====== Exercise data ======

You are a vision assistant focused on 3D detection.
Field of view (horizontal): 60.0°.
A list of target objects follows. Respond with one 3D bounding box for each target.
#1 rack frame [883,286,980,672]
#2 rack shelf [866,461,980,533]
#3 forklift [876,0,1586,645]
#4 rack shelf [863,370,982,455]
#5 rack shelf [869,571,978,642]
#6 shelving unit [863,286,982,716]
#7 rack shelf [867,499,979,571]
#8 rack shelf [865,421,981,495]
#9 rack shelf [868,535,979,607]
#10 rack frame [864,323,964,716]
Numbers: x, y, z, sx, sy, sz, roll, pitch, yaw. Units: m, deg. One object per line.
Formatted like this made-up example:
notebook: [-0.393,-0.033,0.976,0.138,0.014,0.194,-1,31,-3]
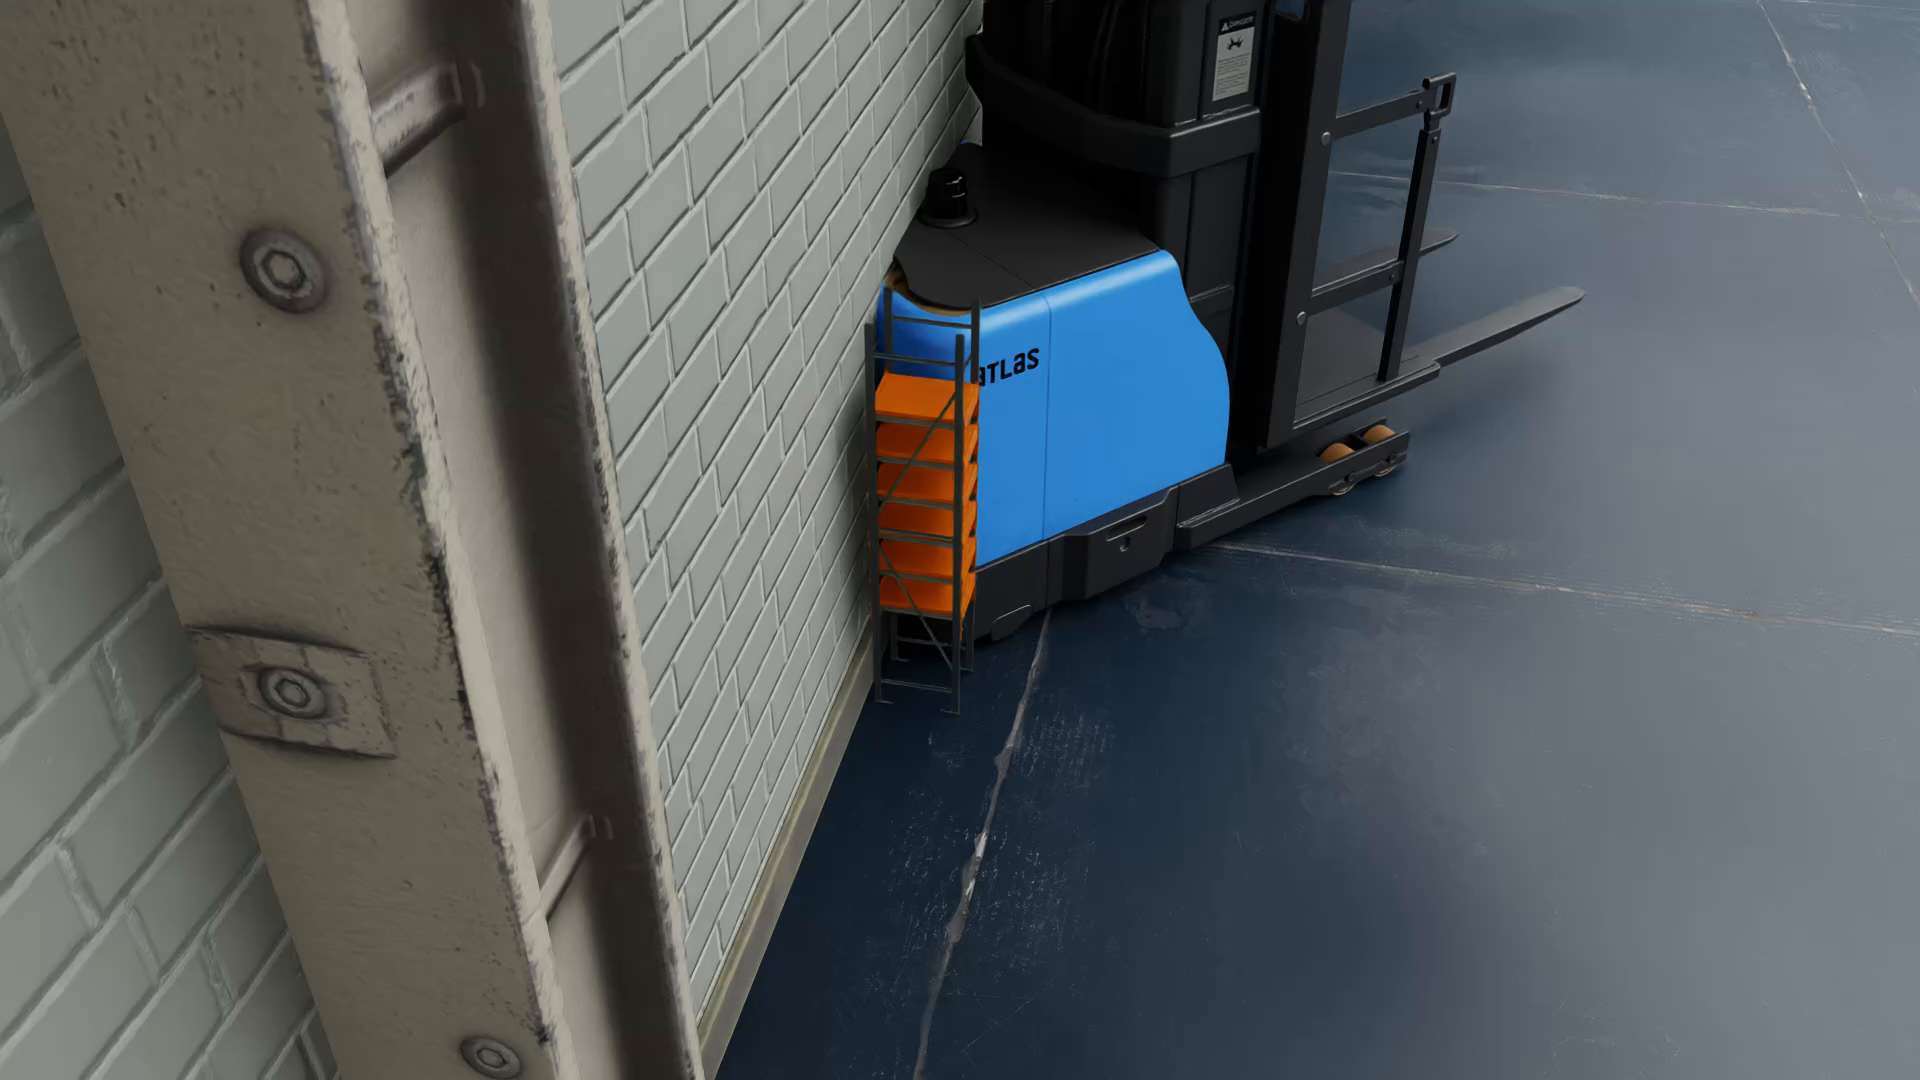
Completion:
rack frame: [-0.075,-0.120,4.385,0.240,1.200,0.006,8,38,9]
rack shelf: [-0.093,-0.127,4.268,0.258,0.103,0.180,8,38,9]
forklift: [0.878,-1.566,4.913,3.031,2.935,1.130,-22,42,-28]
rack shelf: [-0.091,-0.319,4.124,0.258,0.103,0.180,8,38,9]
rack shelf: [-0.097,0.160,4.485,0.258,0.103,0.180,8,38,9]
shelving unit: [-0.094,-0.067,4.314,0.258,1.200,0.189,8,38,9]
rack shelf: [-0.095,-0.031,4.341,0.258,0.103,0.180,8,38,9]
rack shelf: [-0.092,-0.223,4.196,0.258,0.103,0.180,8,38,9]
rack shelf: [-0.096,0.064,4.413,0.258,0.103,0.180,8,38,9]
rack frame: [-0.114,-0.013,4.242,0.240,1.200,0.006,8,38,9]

======
====== Exercise data ======

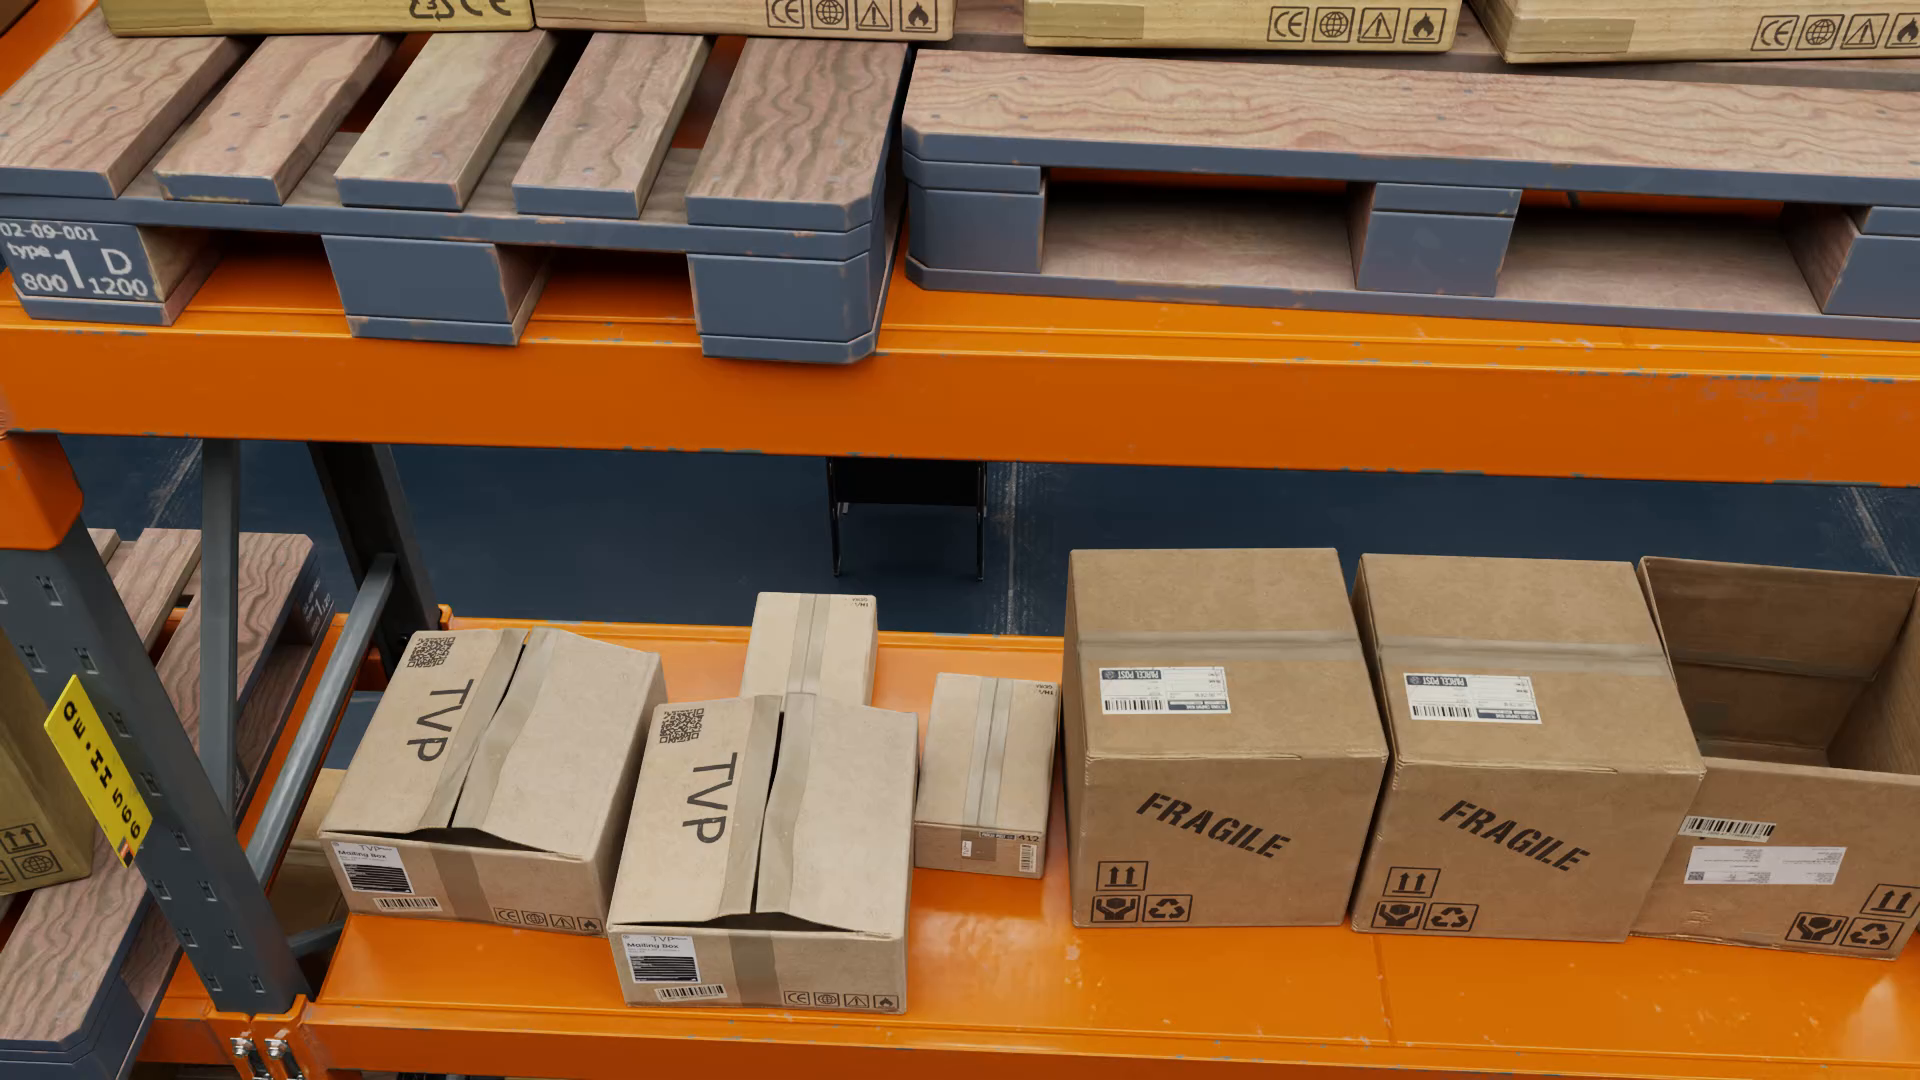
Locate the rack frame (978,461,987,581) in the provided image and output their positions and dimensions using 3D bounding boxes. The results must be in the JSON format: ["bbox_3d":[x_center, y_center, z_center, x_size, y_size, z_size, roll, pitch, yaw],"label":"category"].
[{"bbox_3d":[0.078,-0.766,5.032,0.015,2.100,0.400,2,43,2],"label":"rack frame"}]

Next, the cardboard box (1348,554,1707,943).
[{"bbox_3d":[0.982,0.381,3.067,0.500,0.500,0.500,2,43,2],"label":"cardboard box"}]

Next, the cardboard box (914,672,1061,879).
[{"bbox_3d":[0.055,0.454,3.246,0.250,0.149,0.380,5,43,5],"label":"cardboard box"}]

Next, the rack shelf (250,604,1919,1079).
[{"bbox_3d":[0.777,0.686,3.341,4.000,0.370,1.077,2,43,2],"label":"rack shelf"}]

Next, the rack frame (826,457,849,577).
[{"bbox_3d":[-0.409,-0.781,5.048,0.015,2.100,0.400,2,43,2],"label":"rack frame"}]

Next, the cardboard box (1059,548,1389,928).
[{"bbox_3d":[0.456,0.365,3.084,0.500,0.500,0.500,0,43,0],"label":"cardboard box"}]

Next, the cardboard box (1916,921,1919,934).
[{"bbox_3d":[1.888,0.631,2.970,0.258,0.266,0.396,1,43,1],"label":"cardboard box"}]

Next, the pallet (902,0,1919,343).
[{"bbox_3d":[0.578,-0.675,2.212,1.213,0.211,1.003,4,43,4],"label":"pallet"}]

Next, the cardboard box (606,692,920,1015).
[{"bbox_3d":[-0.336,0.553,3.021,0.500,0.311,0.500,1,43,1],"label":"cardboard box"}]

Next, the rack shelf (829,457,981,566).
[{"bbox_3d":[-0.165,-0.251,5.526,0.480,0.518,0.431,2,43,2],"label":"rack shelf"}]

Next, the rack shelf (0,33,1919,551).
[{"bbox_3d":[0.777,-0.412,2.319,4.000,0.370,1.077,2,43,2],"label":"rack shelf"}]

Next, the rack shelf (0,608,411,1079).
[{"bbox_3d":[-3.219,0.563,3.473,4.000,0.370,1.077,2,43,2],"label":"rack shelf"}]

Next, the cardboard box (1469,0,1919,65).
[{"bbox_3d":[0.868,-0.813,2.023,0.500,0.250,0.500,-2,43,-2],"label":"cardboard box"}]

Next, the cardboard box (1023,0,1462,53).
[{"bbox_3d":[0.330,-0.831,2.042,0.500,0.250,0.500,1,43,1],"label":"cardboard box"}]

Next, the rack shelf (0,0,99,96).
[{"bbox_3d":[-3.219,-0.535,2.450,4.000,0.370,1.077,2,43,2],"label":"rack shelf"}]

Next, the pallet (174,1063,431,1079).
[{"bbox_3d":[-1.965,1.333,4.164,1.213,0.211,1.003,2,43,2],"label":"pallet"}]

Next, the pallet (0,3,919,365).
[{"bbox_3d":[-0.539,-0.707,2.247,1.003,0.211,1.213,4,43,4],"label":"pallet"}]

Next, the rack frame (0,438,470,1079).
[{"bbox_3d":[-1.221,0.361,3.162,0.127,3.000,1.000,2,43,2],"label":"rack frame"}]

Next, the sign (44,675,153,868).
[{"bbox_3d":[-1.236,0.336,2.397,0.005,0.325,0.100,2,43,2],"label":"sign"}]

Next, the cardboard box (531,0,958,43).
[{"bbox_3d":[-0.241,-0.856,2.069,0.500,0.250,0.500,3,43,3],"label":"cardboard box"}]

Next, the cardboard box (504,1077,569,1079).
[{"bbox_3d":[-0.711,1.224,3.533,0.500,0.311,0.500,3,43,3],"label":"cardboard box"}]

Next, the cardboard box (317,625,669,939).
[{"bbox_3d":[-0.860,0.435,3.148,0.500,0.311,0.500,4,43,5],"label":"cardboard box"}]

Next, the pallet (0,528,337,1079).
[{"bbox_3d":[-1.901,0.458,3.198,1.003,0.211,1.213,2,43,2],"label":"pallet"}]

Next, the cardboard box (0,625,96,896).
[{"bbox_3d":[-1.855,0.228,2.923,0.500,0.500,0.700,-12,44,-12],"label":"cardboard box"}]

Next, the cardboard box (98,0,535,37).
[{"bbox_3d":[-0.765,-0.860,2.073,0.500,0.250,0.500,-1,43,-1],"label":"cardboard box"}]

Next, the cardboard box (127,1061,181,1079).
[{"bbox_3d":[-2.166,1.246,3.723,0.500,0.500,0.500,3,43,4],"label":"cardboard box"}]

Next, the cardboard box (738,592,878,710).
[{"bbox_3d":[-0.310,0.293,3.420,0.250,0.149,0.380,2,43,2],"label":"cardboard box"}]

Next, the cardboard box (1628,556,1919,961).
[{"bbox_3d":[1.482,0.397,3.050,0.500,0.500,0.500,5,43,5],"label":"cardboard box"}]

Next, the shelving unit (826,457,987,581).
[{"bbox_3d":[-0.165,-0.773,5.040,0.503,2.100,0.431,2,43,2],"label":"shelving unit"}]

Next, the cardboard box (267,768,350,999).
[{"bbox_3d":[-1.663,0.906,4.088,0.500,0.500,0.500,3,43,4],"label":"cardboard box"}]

======

Your objective: Please return the lines above that run from the line containing "You are a vision" to the line containing "#8 rack shelf [865,421,981,495]", inclusive, exactly and with no other lines.

Exercise solution:
You are a vision assistant focused on 3D detection.
Field of view (horizontal): 60.0°.
A list of target objects follows. Respond with one 3D bounding box for each target.
#1 rack frame [883,286,980,672]
#2 rack shelf [866,461,980,533]
#3 forklift [876,0,1586,645]
#4 rack shelf [863,370,982,455]
#5 rack shelf [869,571,978,642]
#6 shelving unit [863,286,982,716]
#7 rack shelf [867,499,979,571]
#8 rack shelf [865,421,981,495]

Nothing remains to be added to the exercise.